Infected animals often suffer from severe fluid loss and electrolyte imbalance. Treatment therefore consists of fluid and electrolyte replacement in combination with antibiotics and the administration of a hyperimmune serum containing neutralising antibodies to panleukopenia virus. Depending on the severity of the case, fluid substitution should be provided by intravenous or subcutaneous infusion.
The hyperimmune serum containing neutralising antibodies to panleukopenia virus produces a passive and therefore temporary immunity to the virus.
The hyperimmune serum is obtained from donor animals that have been immunised multiple times. Multiple immunisation causes the donor animals to produce higher levels of antibodies. After collection by blood sampling and further processing, they become purified, highly effective antibodies available for use in prevention and treatment.
In contrast to non-specific stimulation of the immune system using paramunity inducers, these antibodies are immediately effective.
The use of a hyperimmune serum buys valuable time in the fight against infectious disease!
If antibodies are administered promptly and can take effect before the virus spreads, even small quantities are highly effective. The use of antibody serum is therefore indicated even on suspicion of panleukopenia or during the incubation period.
After using antibody serum as an acute treatment measure, appropriate active immunisation should be carried out to maintain the resulting protection.
The preventive use of hyperimmune serum during the immunological gap greatly reduces mortality.
The main way of protecting against infection with FPV is by administering live vaccines.

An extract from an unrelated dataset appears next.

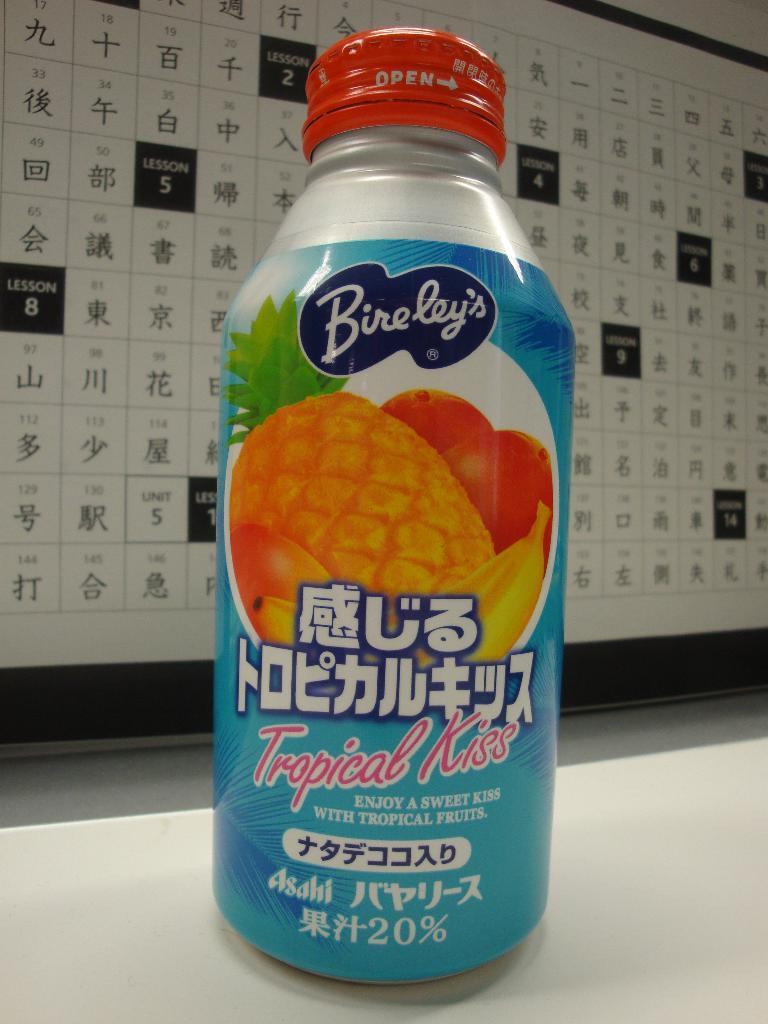<image>
Share a concise interpretation of the image provided. A bottle of Bireley's sitting on a table near a lot of Chinese characters on a wall. 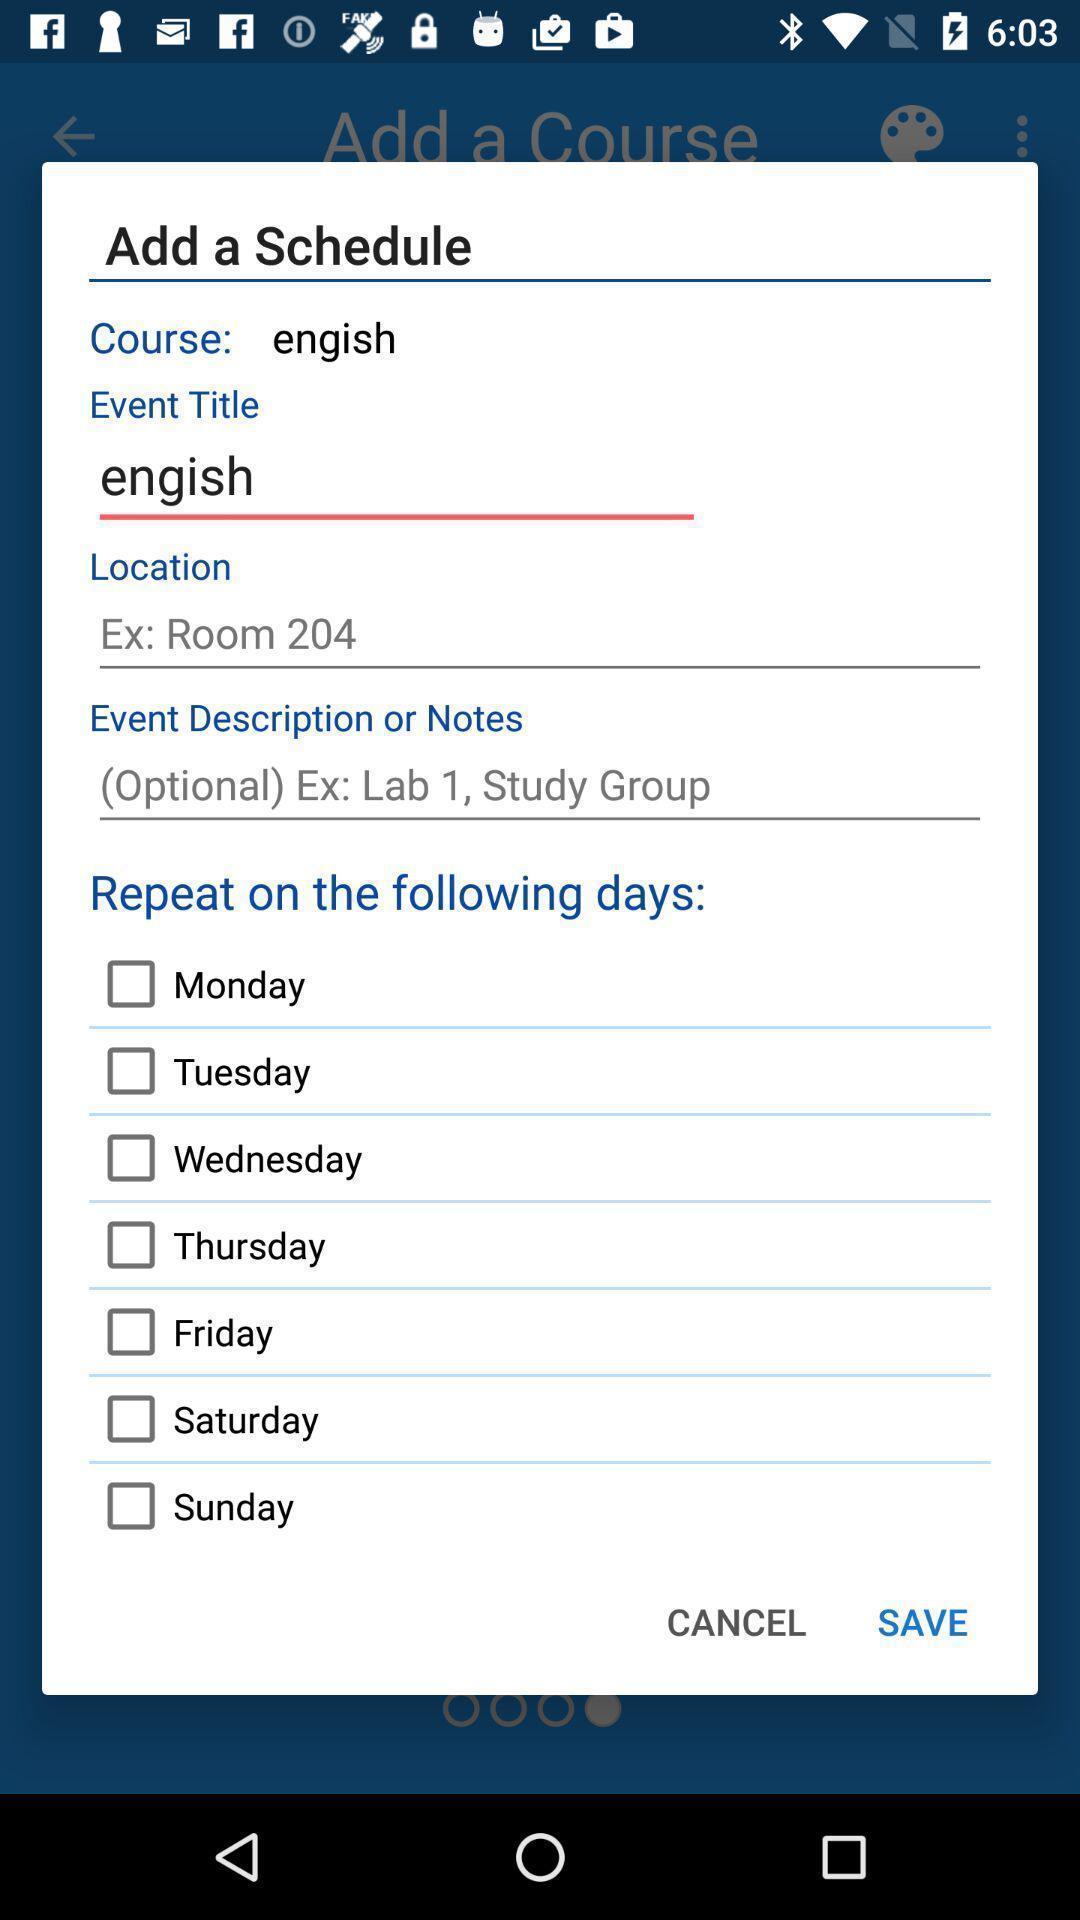Tell me about the visual elements in this screen capture. Schedule notification of a course app.

The German Standing Committee on Veterinary Vaccination (StIKoVet.) recommends panleukopenia vaccination for all cats. Kittens should be vaccinated at 8, 12 and 16 weeks of age and again at 15 months. Vaccination boosters should then be given at regular intervals (1-3 years) in accordance with the manufacturer's instructions. Breeding females should be fully immunised (e.g. by giving repeat vaccinations before mating), to enable them to produce high levels of maternal antibodies.
However, there is a close connection between the presence of maternal antibodies and the success of vaccination in kittens. Even low levels of maternal antibodies may interfere with the development of reliable vaccine protection. Breeders vaccinating regularly may therefore find that panleukopenia virus infection still occurs. If mother cats are fully immunised, the kittens receive large volumes of maternal antibodies which persist until the first vaccination at 8 weeks of age and beyond.
During this immunological gap, or generally in animals assumed to have increased susceptibility to infection, the preventive use of an antibody serum to provide temporary protection for kittens or weakened animals is advisable.
The immediate passive protection conferred by giving hyperimmune serum allows the immune system to mature and later longer-lasting protection as a result of active immunisation.
Other prophylactic indications might be a temporary stay in an unfamiliar environment with an unknown pathogen reservoir, or immunosuppressive influences (e.g. cat shows or holiday care in unfamiliar surroundings). This applies especially to geriatric and ailing animals.
To protect other animals against infection, animals that have recovered should be kept separate from other susceptible animals for 2 to 4 weeks after recovery. All objects that might carry infection should be cleaned with an effective disinfectant. Faeces should always be removed. It is also important to practise good hygiene, to prevent people from spreading the virus.